(Data excerpts)
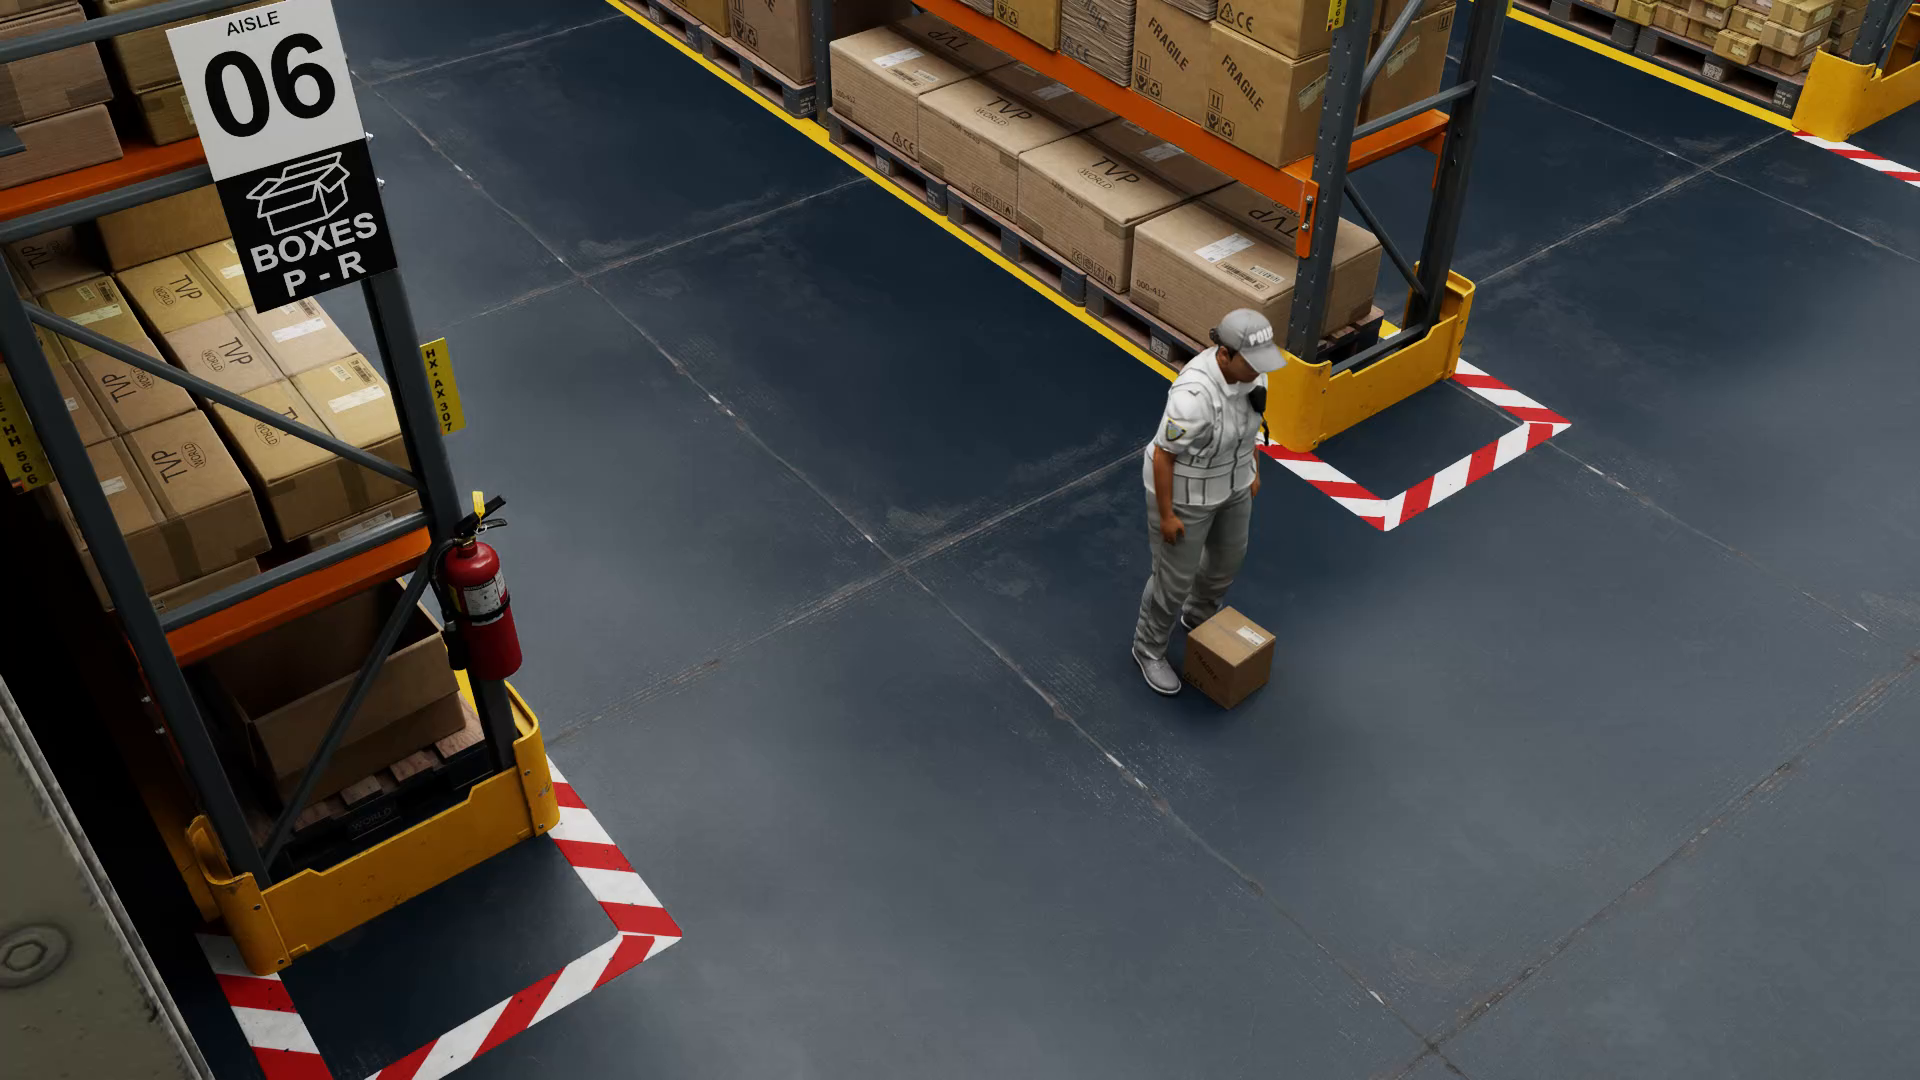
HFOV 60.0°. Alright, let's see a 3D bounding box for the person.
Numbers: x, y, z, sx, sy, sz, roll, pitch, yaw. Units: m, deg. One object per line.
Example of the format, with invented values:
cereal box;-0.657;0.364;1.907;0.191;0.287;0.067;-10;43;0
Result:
person;0.947;-0.174;6.356;0.552;1.666;0.472;-28;48;-28
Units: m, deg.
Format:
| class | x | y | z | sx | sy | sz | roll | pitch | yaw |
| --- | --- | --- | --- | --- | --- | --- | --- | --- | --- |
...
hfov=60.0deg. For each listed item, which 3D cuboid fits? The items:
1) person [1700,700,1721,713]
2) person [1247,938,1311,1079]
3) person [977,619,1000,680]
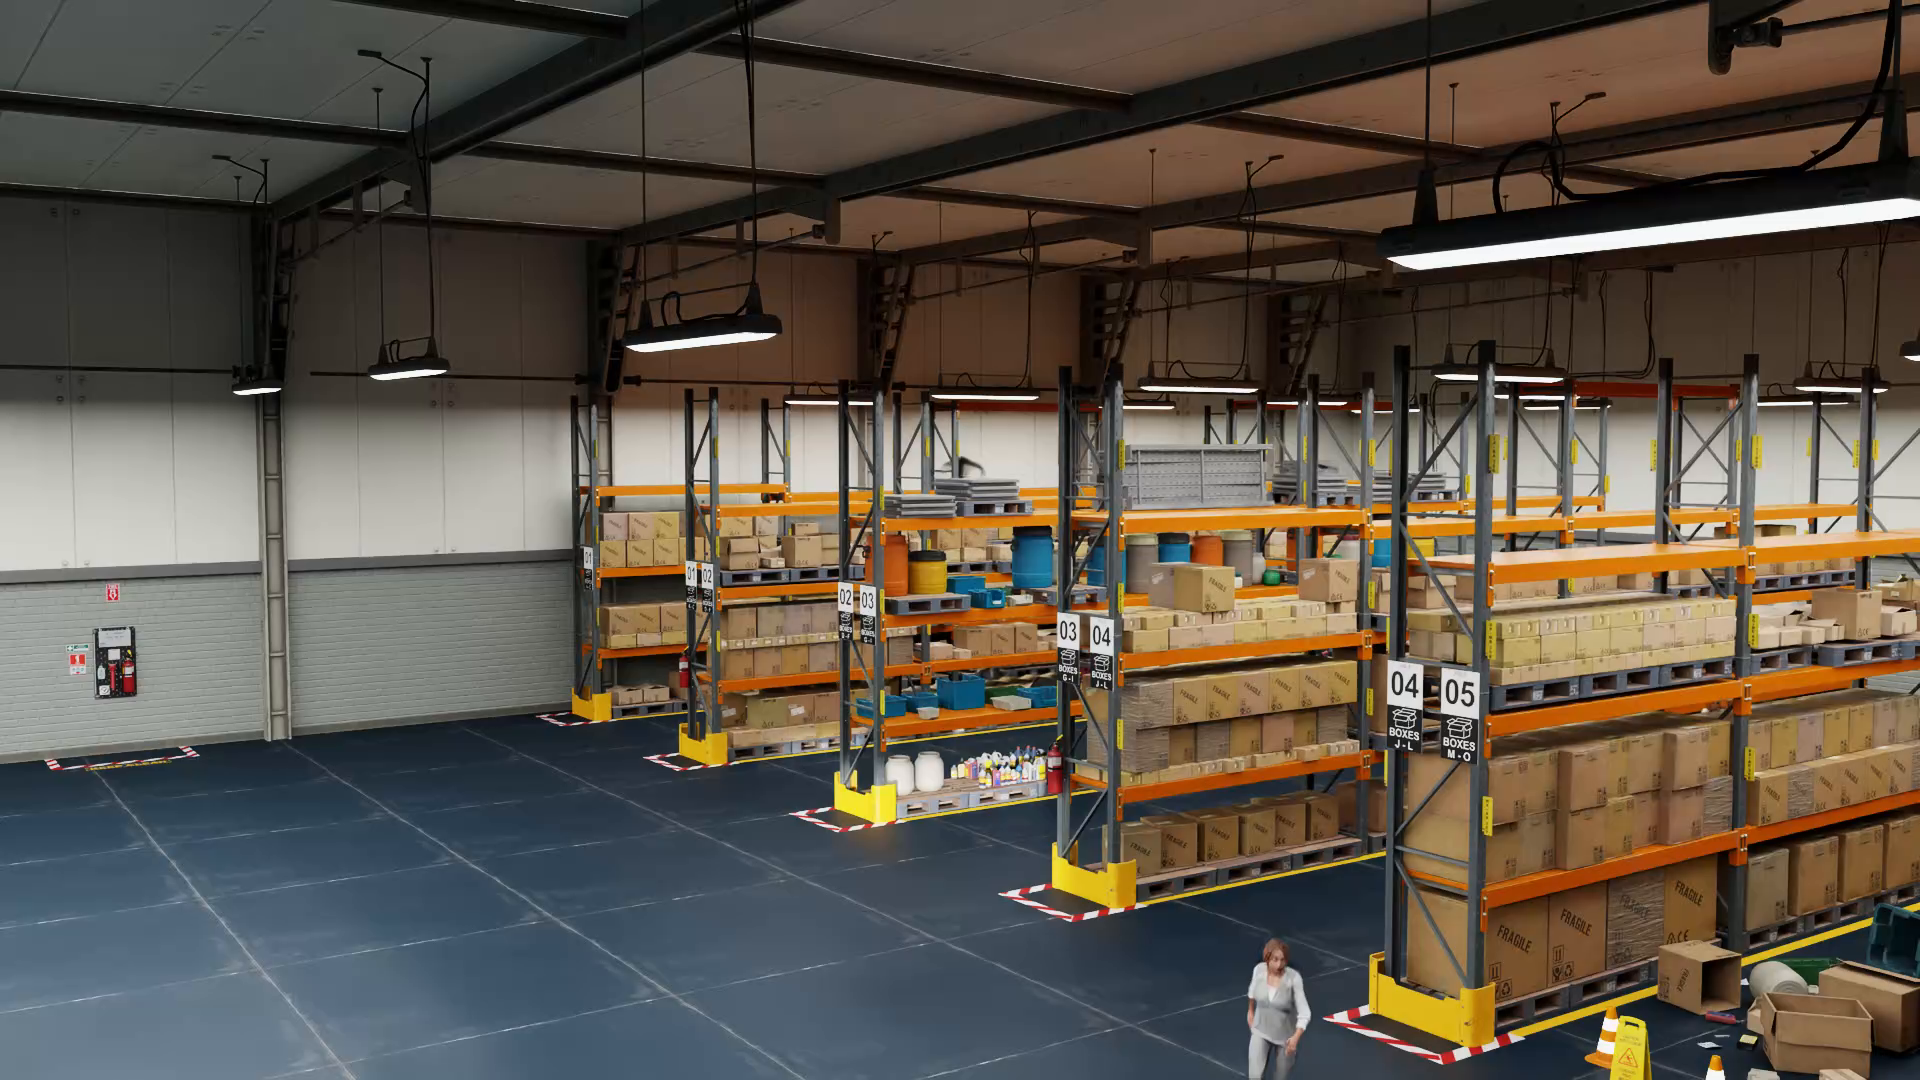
| class | x | y | z | sx | sy | sz | roll | pitch | yaw |
| --- | --- | --- | --- | --- | --- | --- | --- | --- | --- |
| person | 10.406 | 2.931 | 22.993 | 0.923 | 1.656 | 0.623 | -2 | 4 | -35 |
| person | 2.307 | 3.648 | 12.129 | 0.505 | 1.540 | 0.780 | 1 | 4 | 18 |
| person | 0.617 | 2.303 | 33.036 | 0.674 | 1.759 | 0.645 | -3 | 4 | -39 |

• Aim of the exercise:
Each entry is to be returned precisely as it appears, but the pictures are to be dropped.

• Expected answer:
HFOV 60.0°. Alright, let's see a 3D bounding box for the person.
Numbers: x, y, z, sx, sy, sz, roll, pitch, yaw. Units: m, deg. One object per line.
Example of the format, with invented values:
cereal box;-0.657;0.364;1.907;0.191;0.287;0.067;-10;43;0
Result:
person;0.947;-0.174;6.356;0.552;1.666;0.472;-28;48;-28
Units: m, deg.
Format:
| class | x | y | z | sx | sy | sz | roll | pitch | yaw |
| --- | --- | --- | --- | --- | --- | --- | --- | --- | --- |
...
hfov=60.0deg. For each listed item, which 3D cuboid fits? The items:
1) person [1700,700,1721,713]
2) person [1247,938,1311,1079]
3) person [977,619,1000,680]
| class | x | y | z | sx | sy | sz | roll | pitch | yaw |
| --- | --- | --- | --- | --- | --- | --- | --- | --- | --- |
| person | 10.406 | 2.931 | 22.993 | 0.923 | 1.656 | 0.623 | -2 | 4 | -35 |
| person | 2.307 | 3.648 | 12.129 | 0.505 | 1.540 | 0.780 | 1 | 4 | 18 |
| person | 0.617 | 2.303 | 33.036 | 0.674 | 1.759 | 0.645 | -3 | 4 | -39 |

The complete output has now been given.